Create a data quality rule with SQL Assistant for Data Quality
SQL Assistant for Data Quality uses Collibra AI to automatically write and troubleshoot SQL queries. When working on a Pullup dataset, the type of SQL that SQL Assistant for Data Quality generates depends on the rule type. For instance, if your rule type is Freeform SQL, the SQL generated by SQL Assistant for Data Quality is Spark SQL, whereas a Native SQL rule returns the SQL specific to the datasource. Likewise, Pushdown datasets always return SQL native to the job source.
The Prompts are organized in two sections: Basic and Advanced.

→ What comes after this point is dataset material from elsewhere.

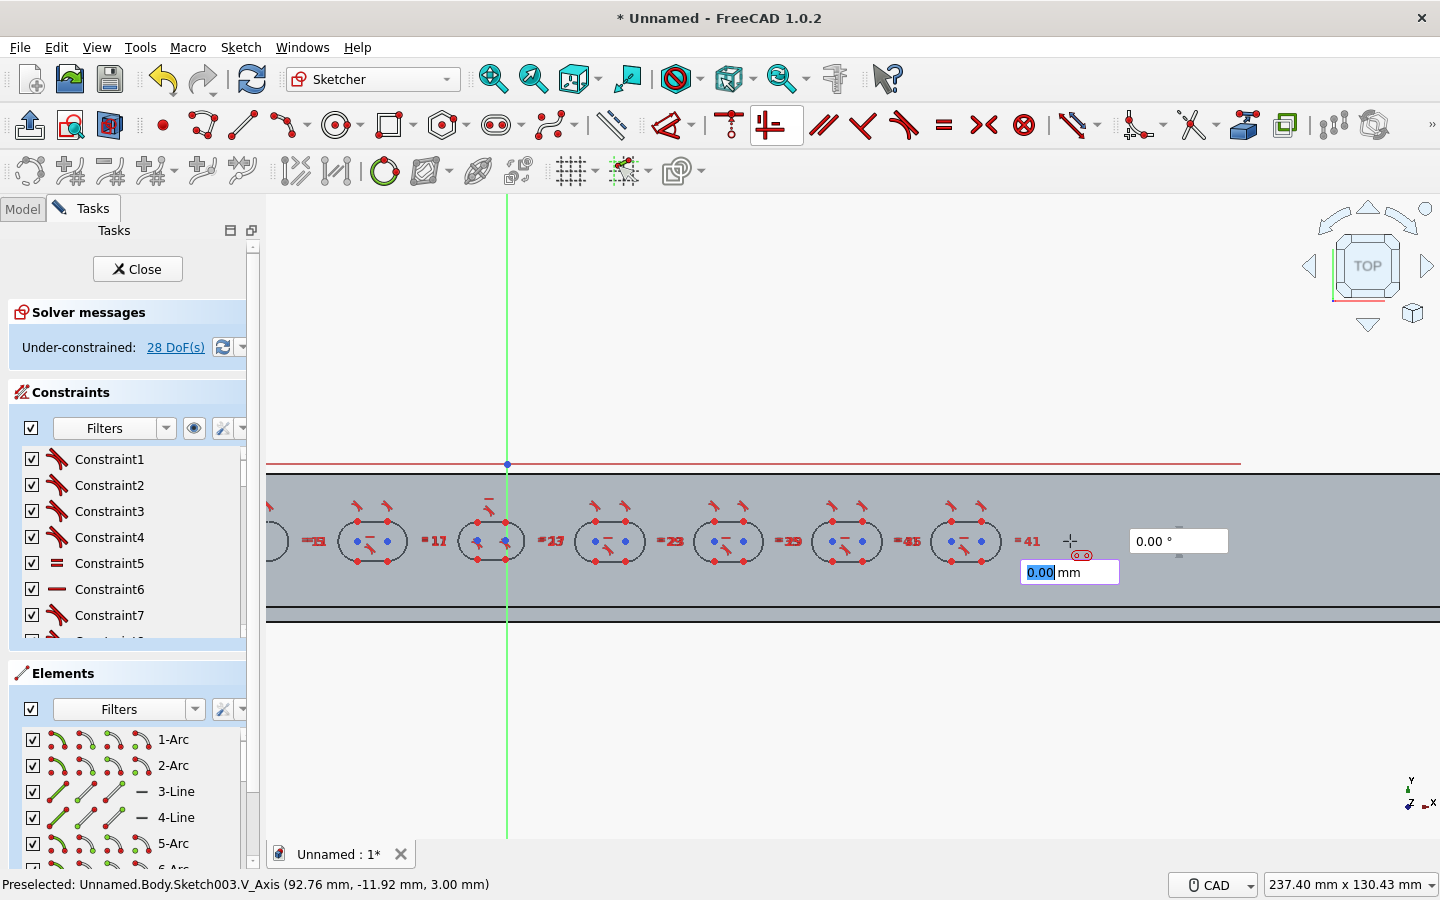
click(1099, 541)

Basic options for SQL query suggestions provided by SQL Assistant for Data Quality include:
Option | Description |
---|---|
Generate Rule | Collibra AI suggests a Spark SQL query to check where in your table, column, or view your input criteria are met. |
Troubleshoot Rule |
When a SQL syntax error occurs, you can use SQL Assistant for Data Quality to automatically troubleshoot and fix the error. |
Advanced options for SQL query suggestions provided by SQL Assistant for Data Quality include:
Option | Description |
---|---|
Categorical | Collibra AI suggests a SQL query to detect categorical outliers. |
Dupe | Collibra AI suggests a SQL query to detect duplicate values. |
Record | Collibra AI suggests a SQL query to check for values that appear on a previous day but not for the next day. |
Pattern | Collibra AI suggests a SQL query to check for infrequent combinations that appear less than 5 percent of the time in the columns you specify. |
Frequency Distribution | Collibra AI suggests a SQL query to check for the frequency distribution of all values within a column. |
Requirements and permissions
To use SQL Assistant for Data Quality in Collibra DQ, you first need to:
- Ensure the AI_TENANT application configuration is set to TRUE in the Admin Console Configuration Settings.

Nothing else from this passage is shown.